All Tangled Up – Source: Paris Goodyear-Brown

UAPT-rope-tangled-upThis is an intervention shared by Paris to help children express their feelings.  It can be used with individuals and families.  The age range is four to twelve.  All you need for this intervention is a ball of yarn, scissors, paper, markers, and finger puppets of bugs.

This intervention can be used to help clients identify their own feelings and verbalize them, learn coping strategies, and decrease the frequency, intensity, and number of worries clients experience.

As therapists we first need to normalize and validate their feelings.  Explain that sometimes it can be difficult to have too many feelings and that they indeed can get all tangled up inside.

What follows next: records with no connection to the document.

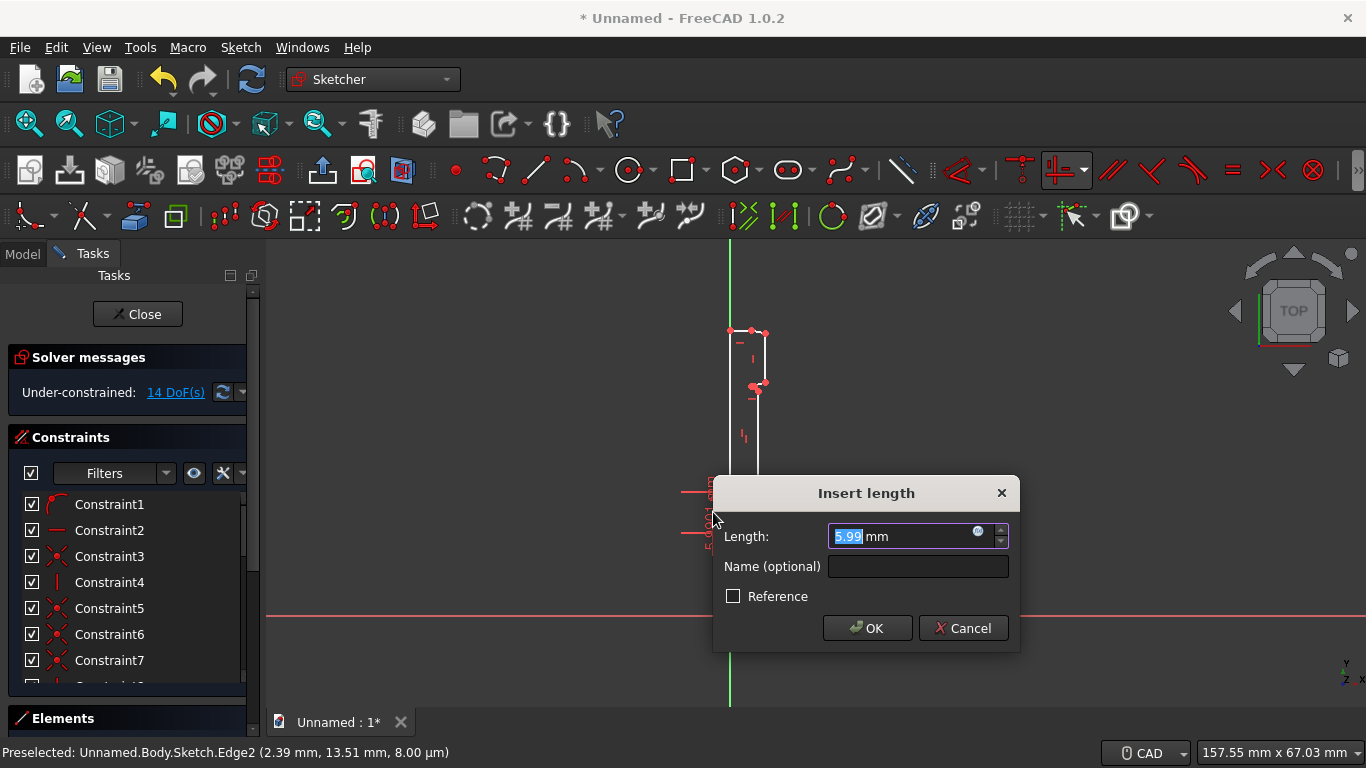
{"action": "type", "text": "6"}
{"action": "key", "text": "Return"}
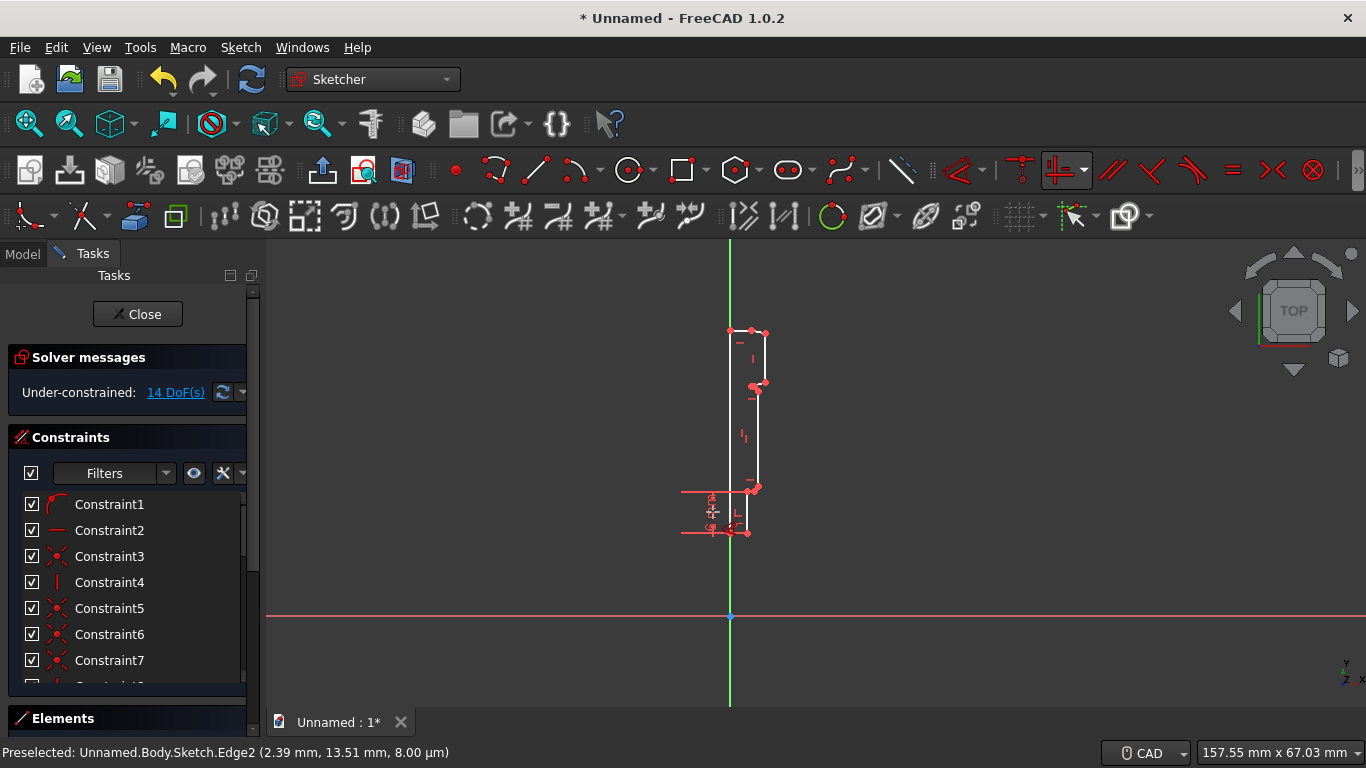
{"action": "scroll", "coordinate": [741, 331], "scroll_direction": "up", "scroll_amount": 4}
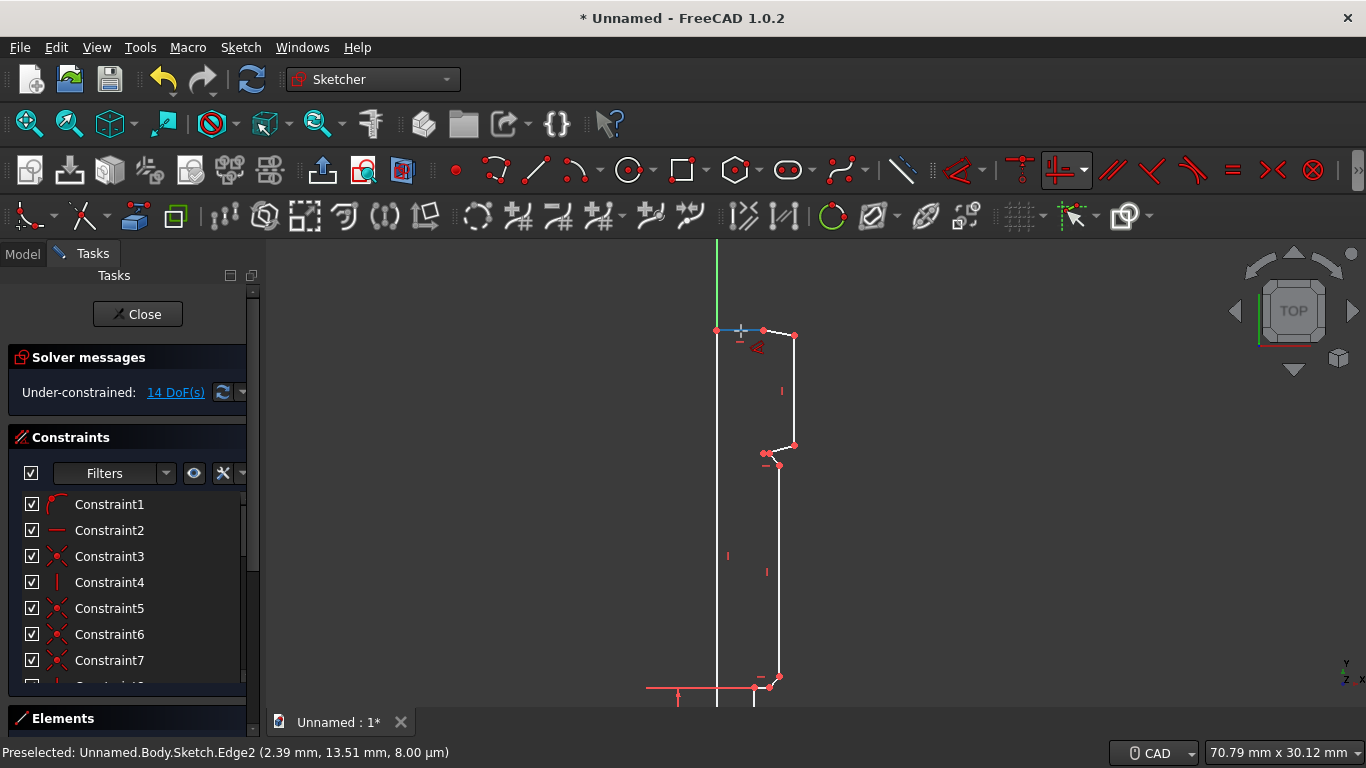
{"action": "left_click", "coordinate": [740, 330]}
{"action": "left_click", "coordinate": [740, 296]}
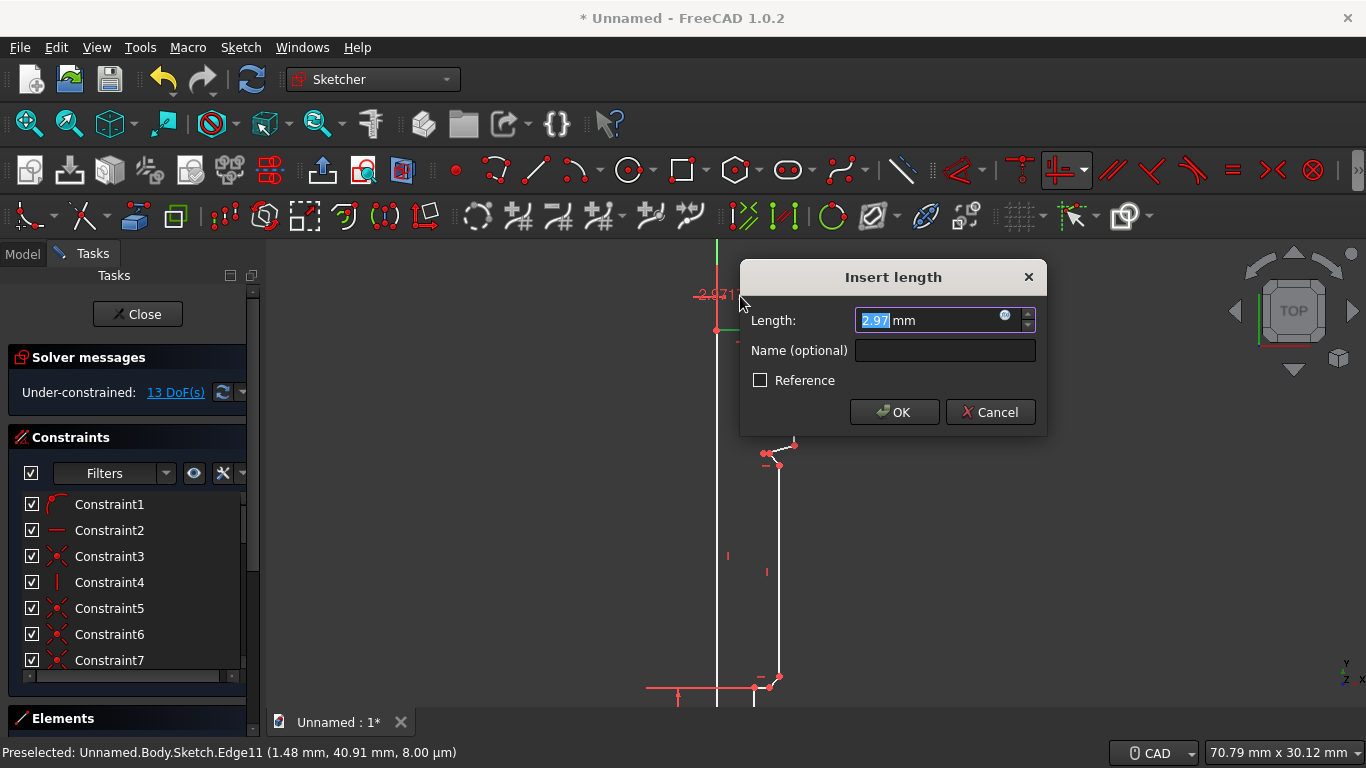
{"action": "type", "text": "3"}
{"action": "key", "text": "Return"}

Here are Paris’ instructions for this intervention:

“We just go around feeling worried and anxious without even knowing why.  Today we are going to untangle those worries.  Let’s start by pulling out one thread at a time and naming it.”  The practitioner then gives an example of one big worry and one small worry.  For example, the practitioner might say, “I get a little worried when we’re out of milk, but I know we can go to the store and get some more.”  Then pull some yearn out from the tangled ball.  Deliberately pull more yarn than is needed to represent this worry.  Then say, “I worry this much about it” and hold up the length of yarn.  Then say, “Actually, I don’t worry quite that much about the milk, so I’m going to make it this long” and shorten the piece of yarn by a foot.  Help the client to untangle at least five or six worries.  Some will be small and some may seem like miles of yarn.  As the child cuts each piece of yarn (the length reflecting the intensity of the worry), write the worry in magic marker on a small piece of paper and tape it on the yarn (this helps delineate one worry thread from another).  Then tell the client that you are going to tie the worries up all around the room until they look like a spider web.  Tie one end of the yarn to the door handle and the other to the top of a bookshelf.  Let the client choose where some of the yarn lengths get tied.  However, they should cross each other across the space so that the threads end up looking like a spider web.” 

Paris indicates that the therapist may wish to invite the child’s parent to look at the web and have the child tell the parent about each of the worries.

The therapist and child can talk about ways to cut the worries down.  The strategies to decrease the child’s worries may include:  deep breathing and muscle tension/relaxation exercises, positive imagery, and thought replacement techniques.

This intervention helps children externalize their feelings and parents are able to “get a picture” of how their child feels.  This can enhance the parents’ empathy and patience towards their child.

The client will take the pieces of the yarn home at the end of the session and whenever the child is anxious or worried, the child gets to give a piece of yarn to the parent as a signal to the parent.  Then the parent can help the child accordingly.

Reference

Goodyear-Brown, Paris (2002).  Digging for buried treasure:  52 prop-based play therapy interventions for treating the problems of childhood.  Nashville: Sun Dog Limited.